Сколько лет прошло, а тот день ему запомнился в красках, цветах и запахах и остался одним из наилучших событий в жизни. Потом, конечно, добавились другие счастливые моменты, но этот был переломным. Может быть поэтому неокрепшая психика юного омеги сделала зарубку, что пожилые альфы лучше одногодок, да и других альф в принципе? Может, поэтому он, на спаде карьеры познакомившись с Ричи, так естественно и быстро влюбился в ухоженного, умного, отвратительно богатого альфу? И нисколько не кривил душой, когда клялся перед алтарем.
К тому времени он уже умел подать себя красиво, рассыпая смех колокольчиками, одаривая интересного собеседника то обворожительной, то обольстительной, то лукавой улыбкой, и смог заинтересовать Ричарда Спенсера, подцепить на крючок юной порочности и восхищенного обожания. Это уже потом, после сытой и обеспеченной жизни, поняв, что одних денег и украшений, домов и машин недостаточно, когда тело истосковалось по страстному и долгому сексу, он стал поглядывать на его сына. Вспоминая их первый секс, – неистовый, жаркий, грубый, когда Ричи после званого ужина уехал по делам и они с Гленом остались одни в доме, – Кертис коротко выдохнул, положив руку на приподнявшийся член.

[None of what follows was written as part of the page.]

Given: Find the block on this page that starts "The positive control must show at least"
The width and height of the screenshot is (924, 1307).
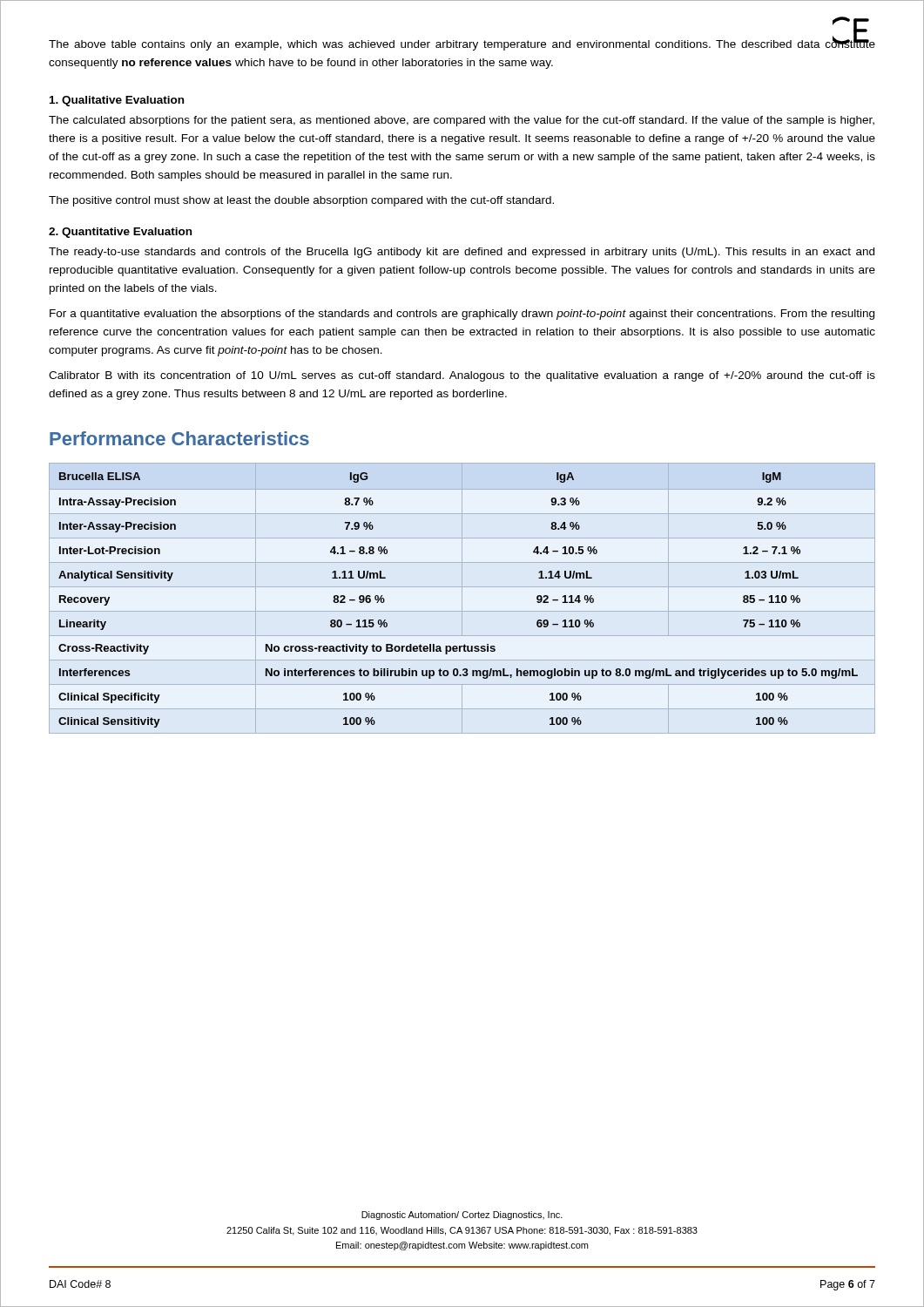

Самого лучшего способа проснуться и взбодриться не придумали до сих пор. У них сегодня был насыщенный график и надо было скинуть напряжение, придется все-таки будить соню. Поход к нотариусу, встреча с еще одним отпрыском Ричи – нужно быть во всеоружии.
Кертис стянул и отбросил в сторону легкое одеяло, укрывавшее нижнюю часть Глена и забрался на того сверху, раздвинул его ягодицы и вложил сочащийся смазкой член между двух половинок. Альфа недовольно забормотал и пошевелился, пытаясь согнать его, как назойливую муху. Кертис коротко хохотнул:
– Ты спи, спи, милый, я сам все сделаю.
Он свел ладонями булки, – упругие, накачанные – сжимая ими свой член, и тихо застонал, начиная ёрзать между ними, толкаясь между горячих со сна ягодиц под пошлое хлюпанье увлажнившегося зада. О, он точно знал, как разбудить любовника и его гнев. А как перенаправить его в нужное русло – тут он был мастер. И хоть ночью они знатно потанцевали, но он сейчас был в том возрасте, когда ему всегда было мало и хотелось еще и еще. Успев сделать с десяток полноценных фрикций, он коварно улыбнулся, когда разбуженный и злющий Глен сбросил его наконец-то со спины и придавил своим телом, по некоторым частям которого Кертис понял, что расправа будет бурной и именно такой, как он хотел – жесткой и быстрой.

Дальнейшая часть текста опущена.